Elan

Yaelle Sibony-Malpertu, 2017, Texte critique
Le tracé signe une solitude ressentie et consentie. Cette solitude est un point de départ pour tenter la rencontre. Car au même moment, la forme défini(tiv)e la contourne par le symbole, met en lien l’hétérogène, le différent, et engage le dialogue. La plume avec laquelle Kethevane Cellard dessine est sûre, mûre, elle produit les formes, entités dont on sent la présence, quelles que soient leur taille, leur place par rapport aux autres. Simultanément, elle interroge les contours en les mettant en résonance avec d’autres formes, pour voir l’effet d’immersion dans un espace ouvert. Sans fond, sans cette perspective supposée produire le relief, ce sont les formes qui s’installent et créent l’espace commun. Souvent, elles défient la gravité. Elles sont lucides, mais pas résignées : elles annoncent des mouvements avenir.

Those left behind débordent chacun d’une énergie qui les propulse ! Où vont-ils avec cette énergie du déracinement ? Tels des happy few, ils déflorent ce qui prétendait être déjà exploré. Vers quel horizon se gonflent les voiles (dans le Sans titre avec voiles) qui soulèvent les pierres, ou que les pierres retiennent dans une tension multidimensionnelle ? Qu’aurait pensé Escher de ce réel vu sous plusieurs angles simultanés, superposés ? La discussion ressemble, quant à elle, à un orchestre de chambre, à chacun de choisir sa musique pour animer les formes et les mettre ensemble, le temps de l’échange. On sent l’énergie déployée par chacune des entités sujets, pour s’animer, s’exprimer, communiquer. On entend aussi les moments cacophoniques, les tentatives d’échanges manqués, et la possibilité d’accords, d’échanges harmonieux. Les trois femmes évoluent ensemble, dans leur solitude et leur regard posé l’une sur l’autre, choses ou sujets –selon. Leur proximité signe la contingence des situations, qui impose de se construire dans des face-à-face subtils, périlleux, mais aussi importants.

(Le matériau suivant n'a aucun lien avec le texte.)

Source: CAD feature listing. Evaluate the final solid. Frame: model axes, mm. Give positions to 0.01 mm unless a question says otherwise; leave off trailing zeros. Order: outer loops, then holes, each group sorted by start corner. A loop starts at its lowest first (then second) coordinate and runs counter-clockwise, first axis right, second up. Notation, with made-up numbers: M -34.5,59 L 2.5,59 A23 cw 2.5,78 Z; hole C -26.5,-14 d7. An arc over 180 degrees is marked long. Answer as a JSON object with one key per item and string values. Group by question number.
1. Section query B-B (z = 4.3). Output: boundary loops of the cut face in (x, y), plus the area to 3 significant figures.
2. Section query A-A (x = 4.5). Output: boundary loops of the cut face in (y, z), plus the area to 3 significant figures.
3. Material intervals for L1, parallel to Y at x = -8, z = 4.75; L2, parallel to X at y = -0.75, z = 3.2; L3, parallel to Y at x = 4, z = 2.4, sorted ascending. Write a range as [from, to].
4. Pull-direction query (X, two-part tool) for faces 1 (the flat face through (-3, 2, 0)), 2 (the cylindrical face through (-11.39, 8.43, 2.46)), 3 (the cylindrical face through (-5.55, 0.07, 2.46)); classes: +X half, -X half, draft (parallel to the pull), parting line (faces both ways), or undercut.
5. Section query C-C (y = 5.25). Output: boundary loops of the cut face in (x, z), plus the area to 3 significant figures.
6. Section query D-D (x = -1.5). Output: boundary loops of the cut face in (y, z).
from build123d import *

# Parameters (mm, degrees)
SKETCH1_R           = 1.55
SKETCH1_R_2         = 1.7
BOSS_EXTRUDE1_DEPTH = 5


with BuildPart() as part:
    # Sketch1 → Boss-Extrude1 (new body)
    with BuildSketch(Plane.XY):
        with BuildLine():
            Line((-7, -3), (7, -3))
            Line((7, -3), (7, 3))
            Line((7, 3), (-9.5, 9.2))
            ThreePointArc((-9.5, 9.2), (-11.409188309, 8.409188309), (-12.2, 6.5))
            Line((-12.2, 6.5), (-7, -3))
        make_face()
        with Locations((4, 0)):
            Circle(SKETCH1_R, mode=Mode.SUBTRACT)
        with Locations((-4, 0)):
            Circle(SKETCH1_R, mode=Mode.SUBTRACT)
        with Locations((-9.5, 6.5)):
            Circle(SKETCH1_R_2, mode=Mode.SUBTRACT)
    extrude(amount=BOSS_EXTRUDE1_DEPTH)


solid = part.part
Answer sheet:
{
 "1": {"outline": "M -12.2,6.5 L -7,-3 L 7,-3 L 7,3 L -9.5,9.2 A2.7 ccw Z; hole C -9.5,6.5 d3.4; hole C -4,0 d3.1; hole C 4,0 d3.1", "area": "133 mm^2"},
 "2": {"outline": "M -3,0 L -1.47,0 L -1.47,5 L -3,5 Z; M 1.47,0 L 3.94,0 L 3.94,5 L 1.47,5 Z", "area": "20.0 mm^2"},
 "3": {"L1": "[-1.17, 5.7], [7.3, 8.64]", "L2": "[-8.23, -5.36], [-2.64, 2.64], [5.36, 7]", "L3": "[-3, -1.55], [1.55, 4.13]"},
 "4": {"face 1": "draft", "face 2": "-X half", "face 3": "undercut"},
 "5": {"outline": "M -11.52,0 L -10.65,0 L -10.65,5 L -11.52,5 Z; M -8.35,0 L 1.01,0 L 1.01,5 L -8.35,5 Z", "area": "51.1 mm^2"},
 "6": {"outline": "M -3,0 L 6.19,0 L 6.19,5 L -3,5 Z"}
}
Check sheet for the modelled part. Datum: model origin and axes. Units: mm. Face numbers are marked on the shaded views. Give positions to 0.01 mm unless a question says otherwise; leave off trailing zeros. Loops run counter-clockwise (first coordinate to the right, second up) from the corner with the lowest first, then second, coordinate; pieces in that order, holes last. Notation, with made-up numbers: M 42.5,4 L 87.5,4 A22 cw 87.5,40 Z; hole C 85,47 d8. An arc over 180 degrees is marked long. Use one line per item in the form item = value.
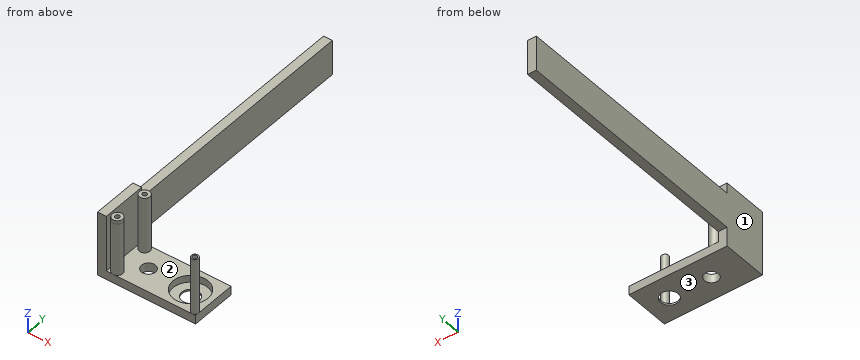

Toutes ces formes donnent à penser simultanément l’existence comme phénomène actuel et expression déterminée de l’aléatoire. Elles donnent aussi à rêver, à entrer dans un intime connu et inconnu : elles découvrent des recoins cachés de l’imaginaire – notre autre réalité.

La couleur vient parfois, comme pour souligner le mouvement d’une forme, sa gravité, et nous nous apercevons alors que les dessins de Kethevane Cellard en sont souvent épurés – ce sont les formes qui les colorent.